Aquisição da linguagem , Gradação , Aumentativo sintético , Sufixos , Gramática gerativa
Palavras-chave [EN]:
Language acquisition , Gradation , Synthetic augmentative , Suffix , Generative grammar
Titulação: Licenciada em Letras - Português
Banca:
Ruth Elisabeth Vasconcellos Lopes [Orientador]
Resumo:
Resumo: Este trabalho faz um estudo do uso da gradação aumentativa na fala de crianças, em fase de aquisição da linguagem, e na fala coloquial de adultos. Através da gradação exprimese o aumento ou a diminuição de um ser ou maior ou menor intensidade de uma qualidade. Em geral, a gradação aumentativa é feita através de dois processos, um denominado analítico e o outro sintético. O aumentativo formado através de um processo analítico depende de uma adjetivação, em que o substantivo ganhará um adjetivo como “grande”, por exemplo. O aumentativo sintético, por sua vez, é formado através de um processo de sufixação, em que um sufixo como “–ão” se adere a “amigo”, por exemplo, formando o aumentativo “amigão”. Considerando a perspectiva gerativa de aquisição da linguagem, o objetivo central é saber a partir de que idade a criança adquire a competência para o aumentativo sintético e quais sufixos serão utilizados por ela para fazer a sufixação. Do ponto de vista da fala coloquial adulta o objetivo era perceber quais sufixos ainda são utilizados hoje em dia pelo falante, com base nos trabalhos de Rosa (1982) e Santos (2002). O corpus desta pesquisa foi montado a partir da metodologia de tarefas de produção e imitação eliciada para obter dados de fala mais precisos. Foram testados 23 falantes na faixa etária de 3 a 7 anos e 15 falantes entre 9 e 29 anos. Com as crianças, utilizamos testes em forma de slides, com imagens de seres e objetos, em que a criança era induzida a nomear as imagens dando a elas características aumentativas, já os distratores traziam palavras no singular, no plural e diminutivo. Para as crianças já alfabetizadas, a partir dos nove anos, e para os adultos, o experimento apresentado consistiu em uma lista de sentenças que deveriam ser completadas com aumentativos ou com distratores (plural, coletivos, superlativos) a depender do contexto. Todas as testagens foram feitas de forma oral e seu áudio foi gravado.
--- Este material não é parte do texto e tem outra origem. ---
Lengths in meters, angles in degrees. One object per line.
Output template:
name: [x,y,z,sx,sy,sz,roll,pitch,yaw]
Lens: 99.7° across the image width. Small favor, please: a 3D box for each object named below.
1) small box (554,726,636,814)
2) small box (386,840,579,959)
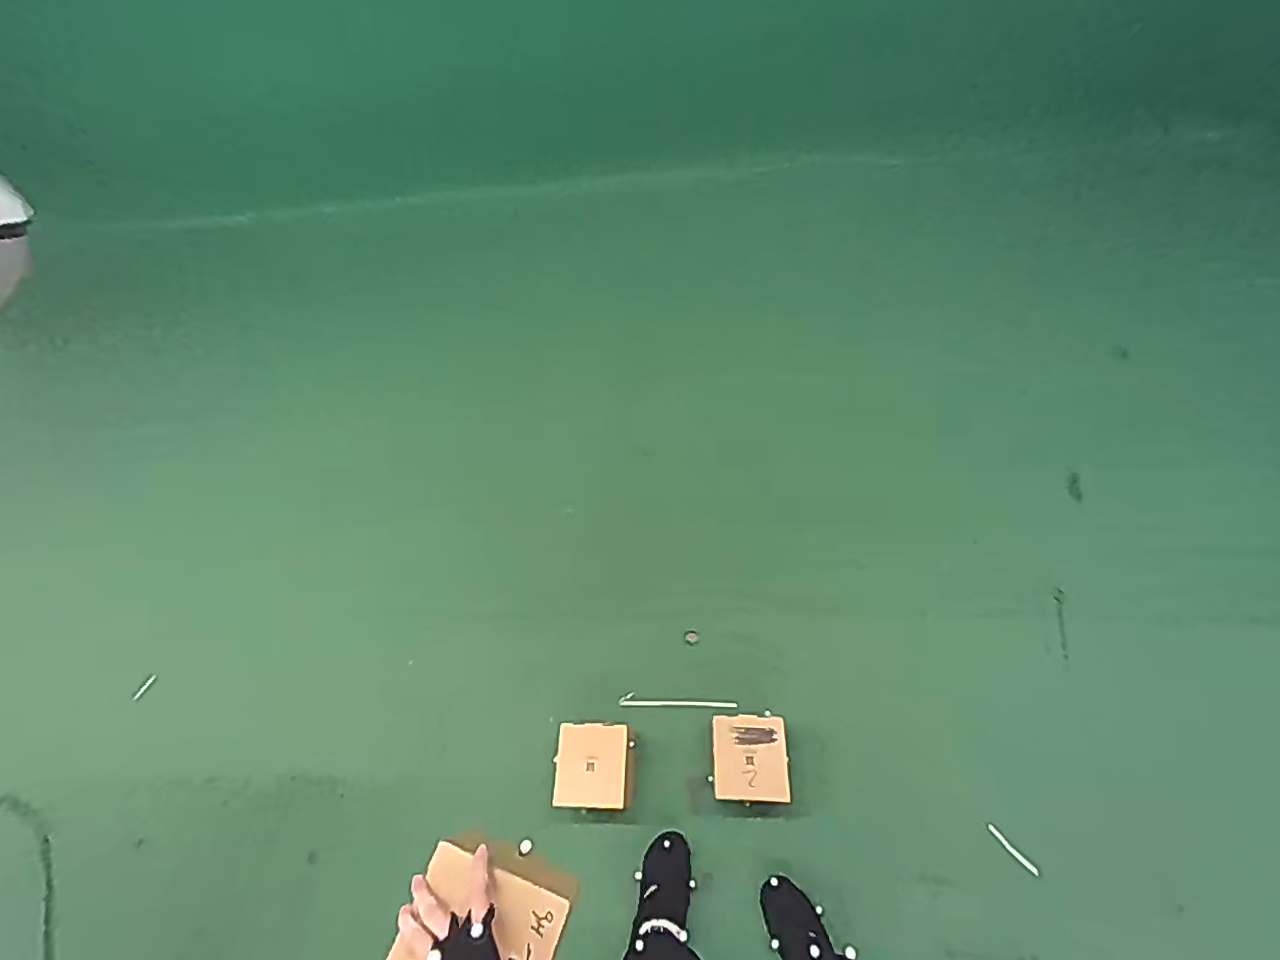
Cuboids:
small box: [-0.103,0.711,1.329,0.168,0.176,0.179,-1,59,7]
small box: [-0.189,0.567,0.662,0.179,0.176,0.168,19,64,9]
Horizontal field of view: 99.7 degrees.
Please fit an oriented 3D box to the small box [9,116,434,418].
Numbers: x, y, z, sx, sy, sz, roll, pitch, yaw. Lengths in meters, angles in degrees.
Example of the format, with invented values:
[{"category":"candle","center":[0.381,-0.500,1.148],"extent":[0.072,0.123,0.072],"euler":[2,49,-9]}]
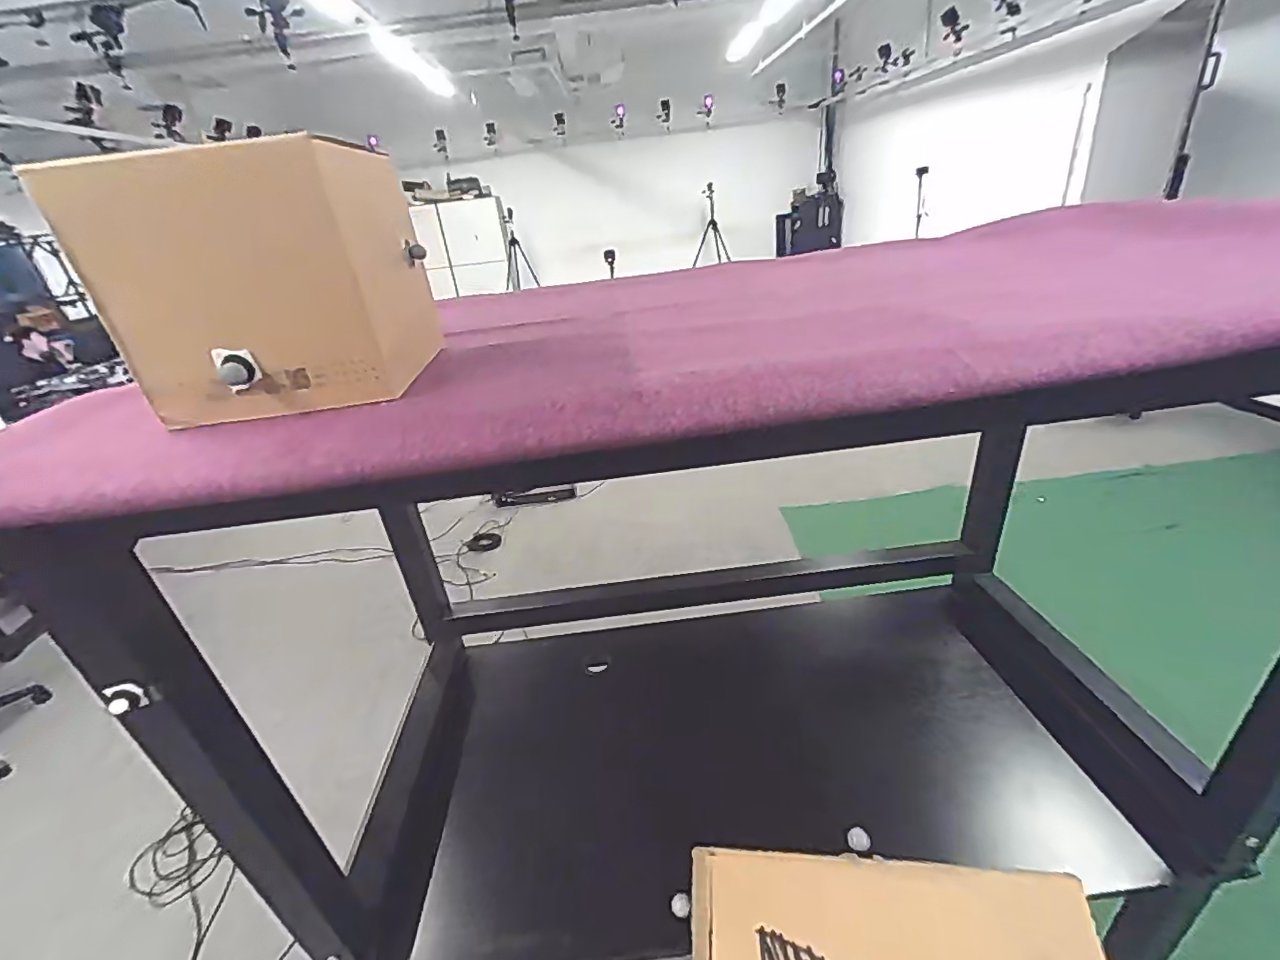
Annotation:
[{"category":"small box","center":[-0.275,-0.161,0.416],"extent":[0.168,0.176,0.179],"euler":[-10,29,-3]}]

Em geral, percebemos que as crianças adquirem a competência para os aumentativos sintéticos pelo menos até os sete anos de idade, e essa competência é baseada, sobretudo, nos sufixos “–ão” e “–ona”, variando principalmente de acordo com o gênero da palavra base. Com os adultos obtivemos resultados bastante parecidos, com uma frequência relevante do sufixo “–aço”, também, e pouquíssimos casos de aumentativos que aparecem nas listas escolares com base nas gramáticas tradicionais.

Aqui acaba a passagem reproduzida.